Hissing quietly, he closed his eyes and reached out with a hand, gripped the concrete frame of the door hard, cold seeping into his skin, surface of the wall uneven and gritty under his fingers. They were screwing with his head, his mind, somehow even now out of VR; something must have remained, subconscious, waiting to ambush him. Slatt's quiet whispering came back to him, ideas and memories slithering in through his ear to wrap around his mind. Was such subconscious influencing possible, in either VR or the real world? Maybe with words and phrases, but images? He raised his left thumb to his mouth, tore a strip of skin from next to his nail and sucked at the reassuring salty blood which flowed for a minute. Whatever was happening, this was still real.

Opening his eyes again, face set to a stony blank, he drifted out into the silence of the hall, straining his ears, frowning slightly at the dim thrumming at the edges of his senses. Forcing himself to focus intensely on the situation, as he was now, he could recognise that the hallway was not _exactly_ the same as the one in VR. The false one had shone quietly, cleaned daily so that the floor reflected the lights, and the white walls sparkled. The reality, though, was darker, again covered in layers of dust. It was stained with years of disuse followed by years of abandonment, the paint peeling; tiles chipped and cracking. There were trails in the dust, the comings and goings of Slatt and whoever else had been working with him, but no other sign of habitation. The building was, almost certainly, abandoned.

There was a door on either side of the one he had exited from, he knew before he looked. He had the impression that they were copies of the one he had just exited, but refused to trust that idea. However, he remembered, truly remembered, Slatt glancing to the right when mentioning Hal. It was as much a hint as anything. Assuming he was telling the truth. Assuming he wasn't screwing with Snake further, a big assumption.

The doorknob was cold under his hand, metal slightly dented. Holding the scalpel at chest height, he threw the door open and lunged inside, senses stretched to their limits, eyes narrowed and focused as sharply as his drugged state allowed. And paused.

The set up of this room was exactly the same as the one he had been in. Two chairs, a table, a laptop, VR system set up and running, the same smell of dust. And, strapped into the chair, body limp and listless, Hal Emmerich.

Questions of reality and mental surety abruptly took a back seat as he stepped over quickly to the laptop, shutting the door quietly behind him after a quick turn of the knob made sure it was not locked.

The laptop screen displayed the three dimensional setting which Hal was currently experiencing, as well as providing a side bar detailing his physiological readings and rough reactions to the scenario. Snake checked these first as he lay his scalpel down on the table next to the computer, noted them to be lower than was the norm, but within acceptable limits. Most likely, his partner's stats were suppressed by drugs, and prolonged exposure to the VR program without interruption. There was, at least, nothing disturbingly wrong with them, no sign of injury or maltreatment. All the same, as Snake watched the screen, he felt his heart twisting.

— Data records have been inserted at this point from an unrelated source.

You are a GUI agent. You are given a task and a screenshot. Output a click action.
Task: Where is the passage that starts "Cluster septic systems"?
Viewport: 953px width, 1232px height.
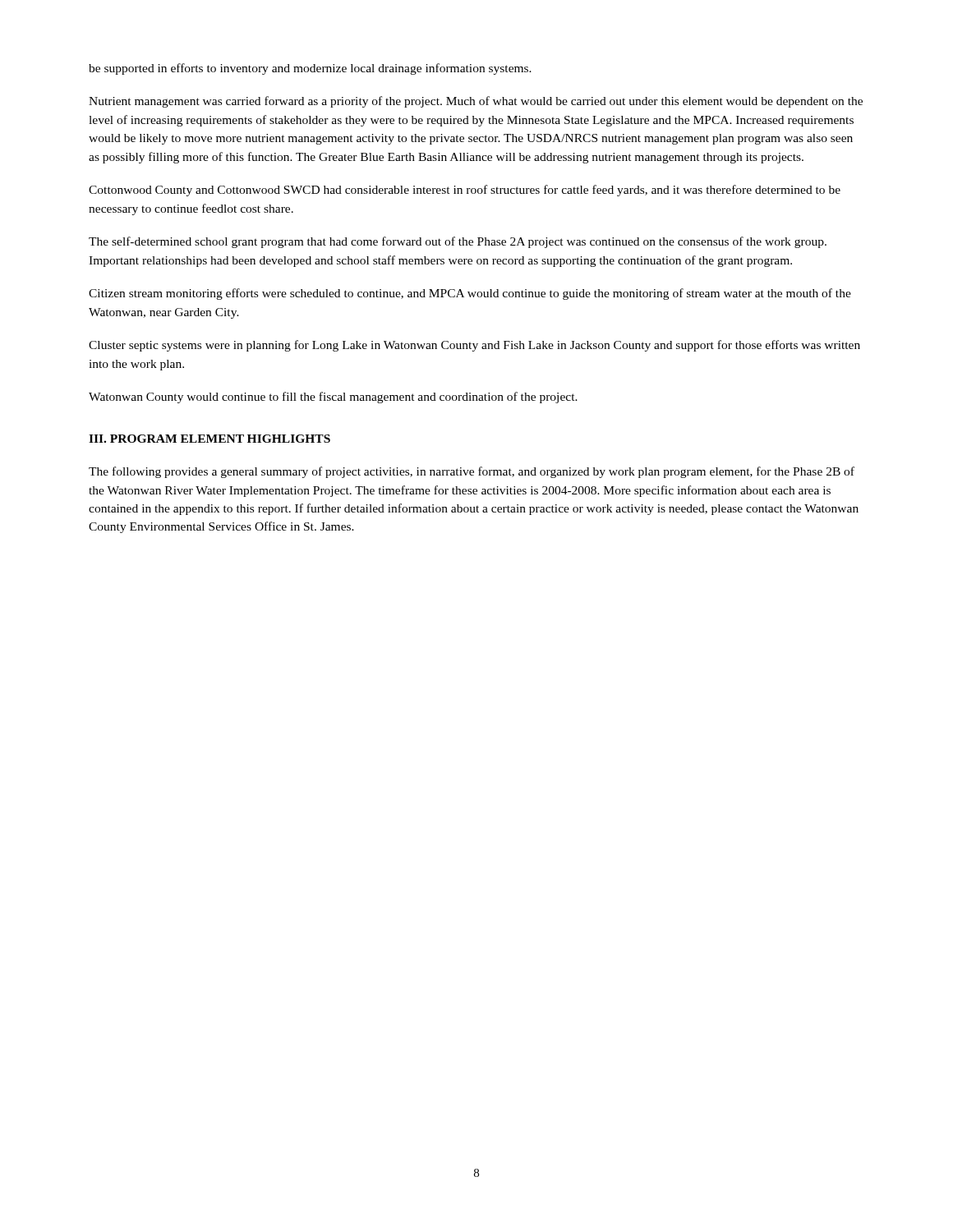(475, 354)
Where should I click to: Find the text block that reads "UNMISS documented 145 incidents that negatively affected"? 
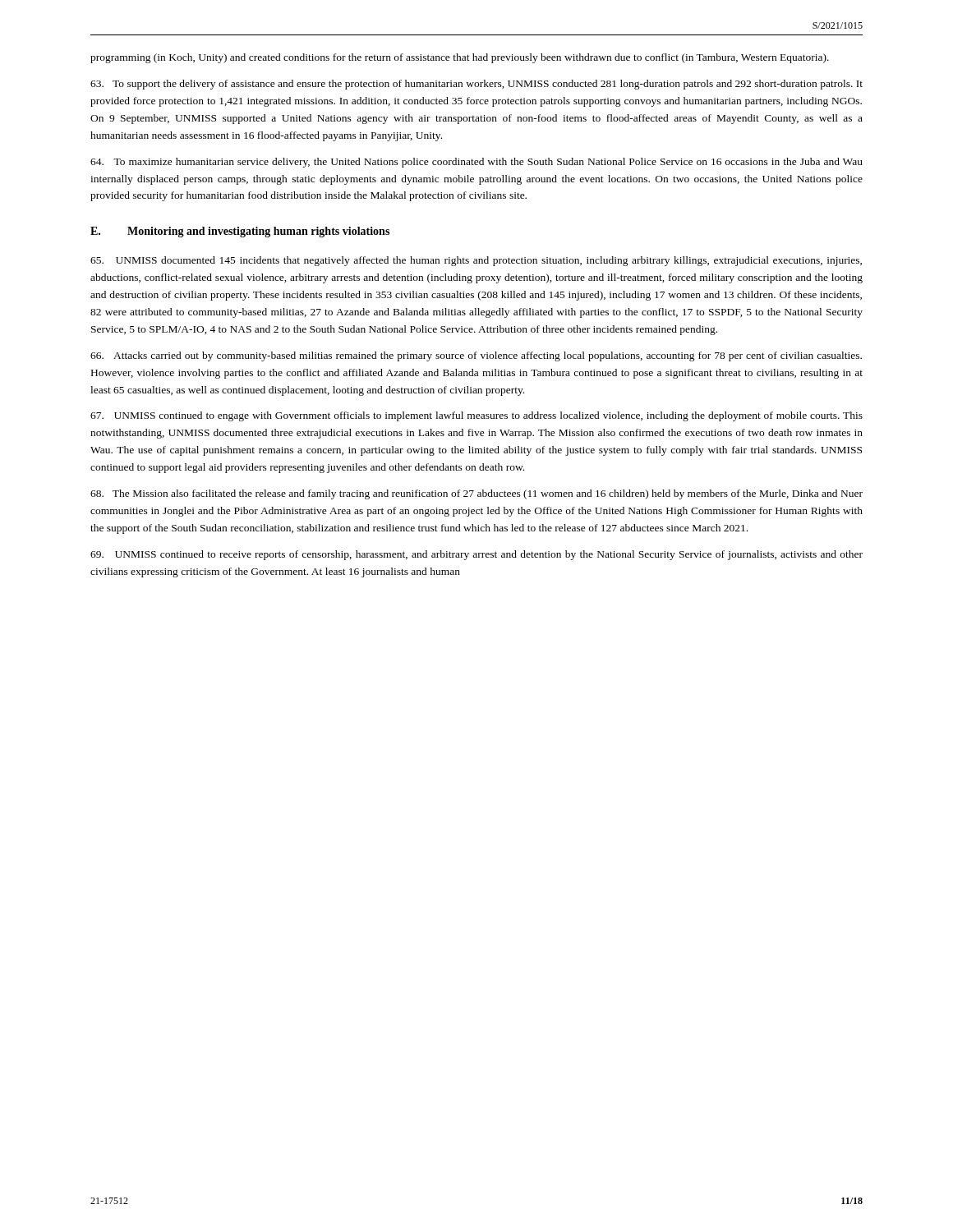[476, 294]
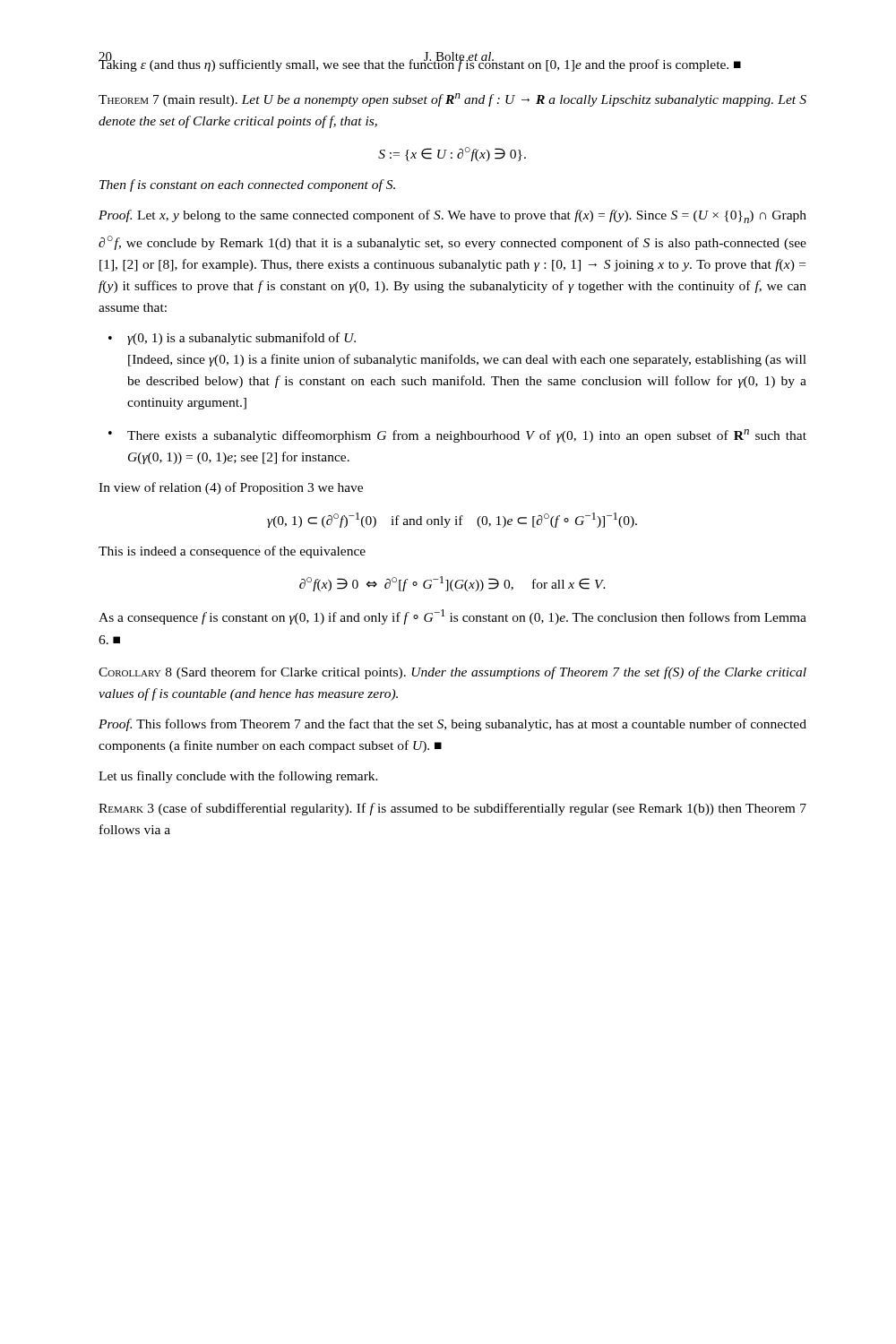Select the element starting "Corollary 8 (Sard theorem for Clarke critical"

pos(452,682)
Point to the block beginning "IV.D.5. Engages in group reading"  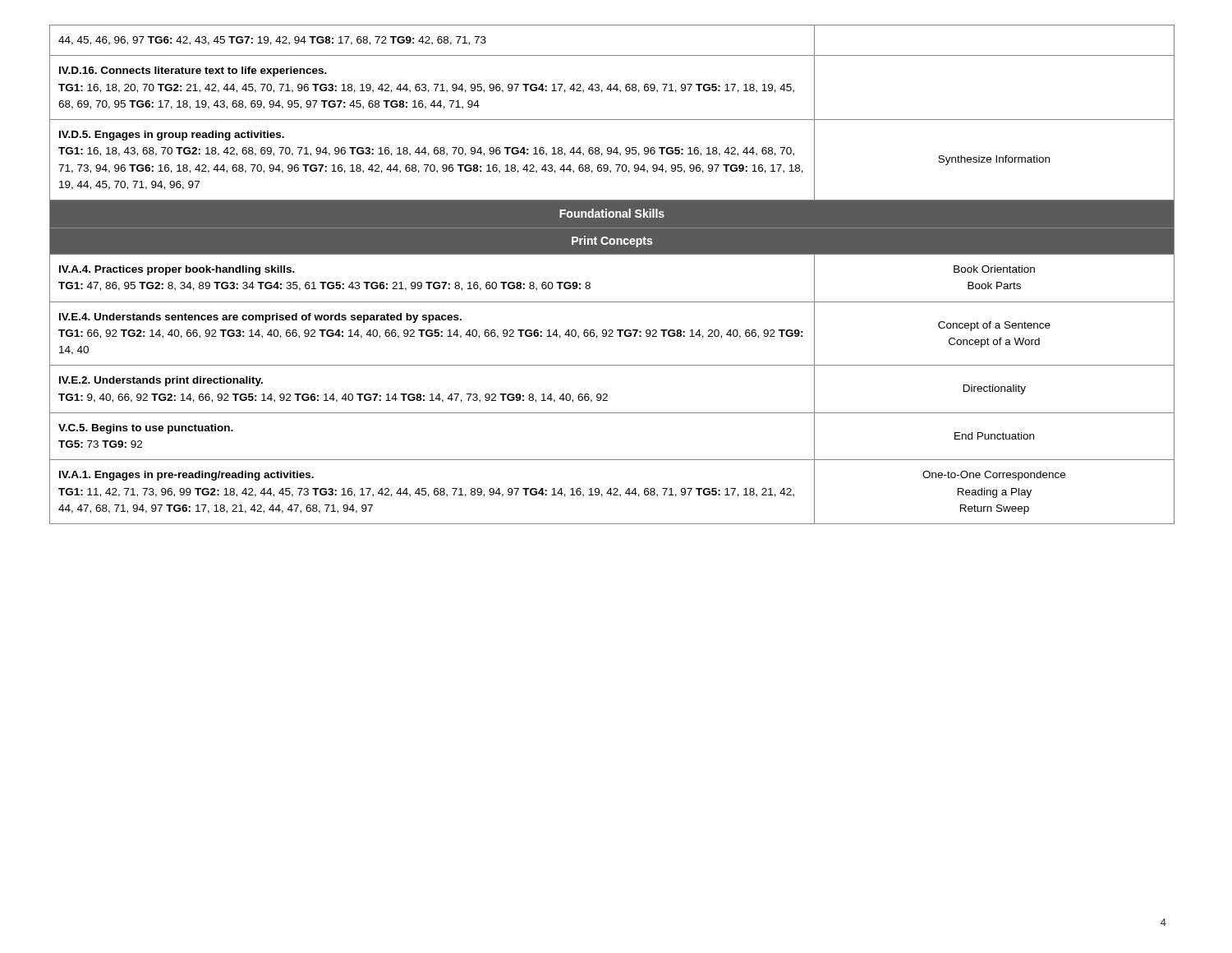point(431,159)
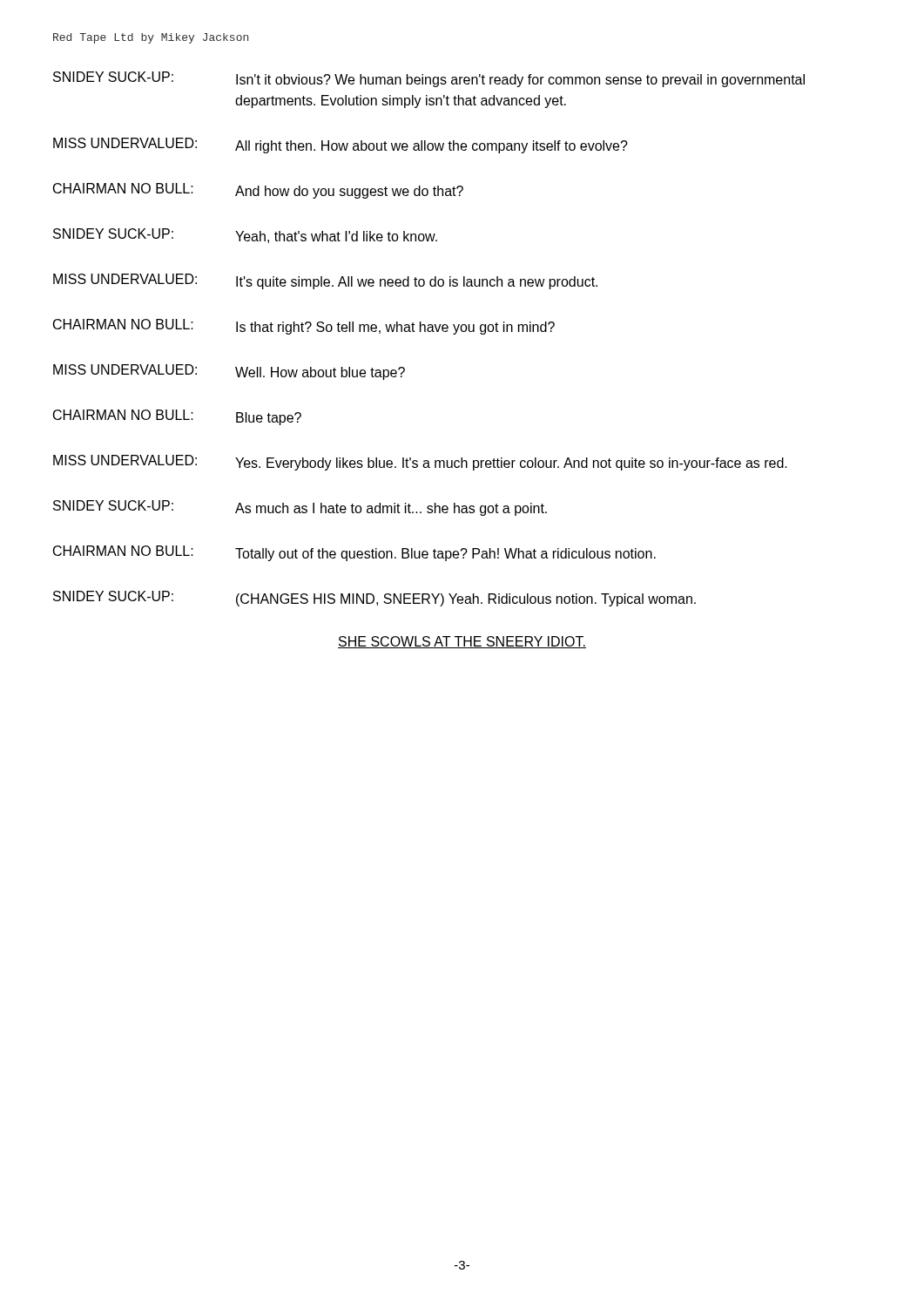The width and height of the screenshot is (924, 1307).
Task: Select the passage starting "SNIDEY SUCK-UP: Yeah, that's what"
Action: point(245,236)
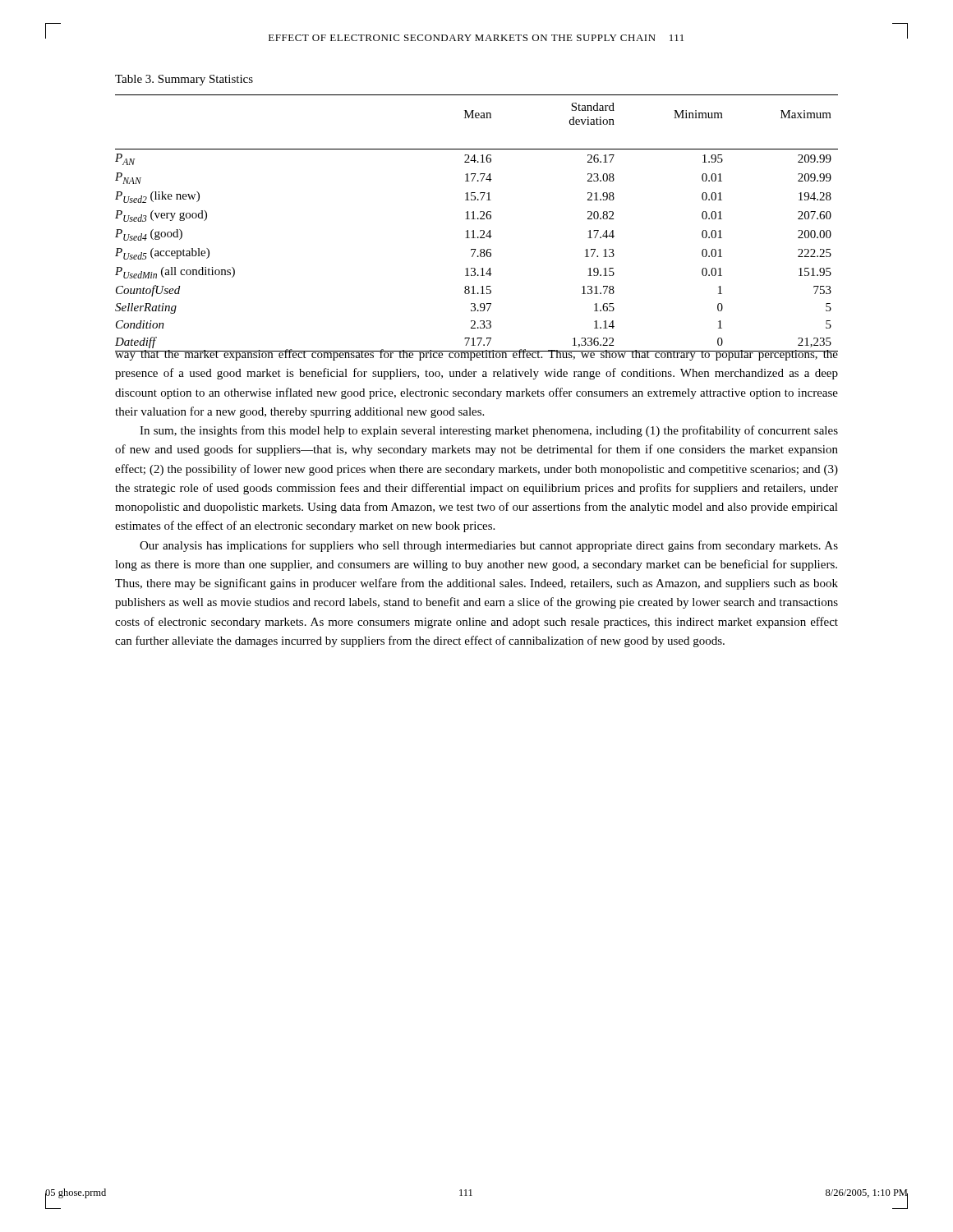Image resolution: width=953 pixels, height=1232 pixels.
Task: Find the table that mentions "P Used5 (acceptable)"
Action: [x=476, y=225]

The scenario into which Hal had been dropped was, as far as he could tell, the same as his own. The engineer was in a padded room, and the third panel which indicated the equipment and items in direct contact with the subject, told that he had been restrained in a straight jacket. He was sitting against the back wall, only half awake, talking to VR-Slatt, who was clearly following the same program as Snake's Slatt, trying to convince him that he was insane. However, unlike Snake, Hal knew for a fact that he was not insane, and in VR. He was answering Slatt's probes with dull, exhausted words, appearing slowly and unevenly on the bottom portion of the screen dedicated to recording conversations.

Slatt: …discuss your past?

Emmerich: Screw off. Or tell me … where Snake is.

Slatt: I can't do that.

Emmerich: (inarticulate vocalization.)

Slatt: Really, I think that talking-

Emmerich: For the hundredth time, you're a goddamn VR simulation… This whole fucking place is a VR simulation… It was yesterday… and it'll still be tomorrow.

Slatt: Well, if this is really what you want to talk about, why do you think so?

Emmerich: …

The stats indicated that Hal had lain down, and his vitals dropped slightly.

Slatt: Hal, we can't get anywhere if we don't communicate.

Emmerich: …

Slatt: Hal, I can't help you if you won't talk to me.

Emmerich: …

Snake snarled. It was perfectly possible to keep a person in VR unwillingly, if the fail-safes and exit mechanisms programmed into almost all systems were overridden; to leave them to rot in an inescapable imaginary world, slowly going mad in the knowledge that they were trapped there, body dying by inches on the outside. Snake had never given the matter much thought before, never given VR much thought before. And he had never realised what a terrifying system VR could be, before. Now, he brought up the program cancellation protocols, used to monitoring the system while Hal trained, or "dived," as the engineer liked to call it. He ordered the program to terminate and shut down, which would release the engineer less abruptly from the system than an unprepared exit.

He clicked the "ok" button with some force, mouse shifting slightly under his grip. The computer seemed to freeze for a moment, and then, with a quiet sizzling pop the screen went black as the back of the casing blew out. A cloud of black smoke rose in the air, lingering for several seconds before diffusing, accompanied by the familiar sharp melting smell. In the chair, Hal jerked suddenly, limbs shaking briefly with the limp heaviness Snake associated with electrocution. He was at his partner's side in an instant, unhooking the straps of the VR helmet with quick fingers. He pulled the helmet off in one sharp movement, tossing it to the side where it landed on the table with a rattling thump. He paid it no further mind.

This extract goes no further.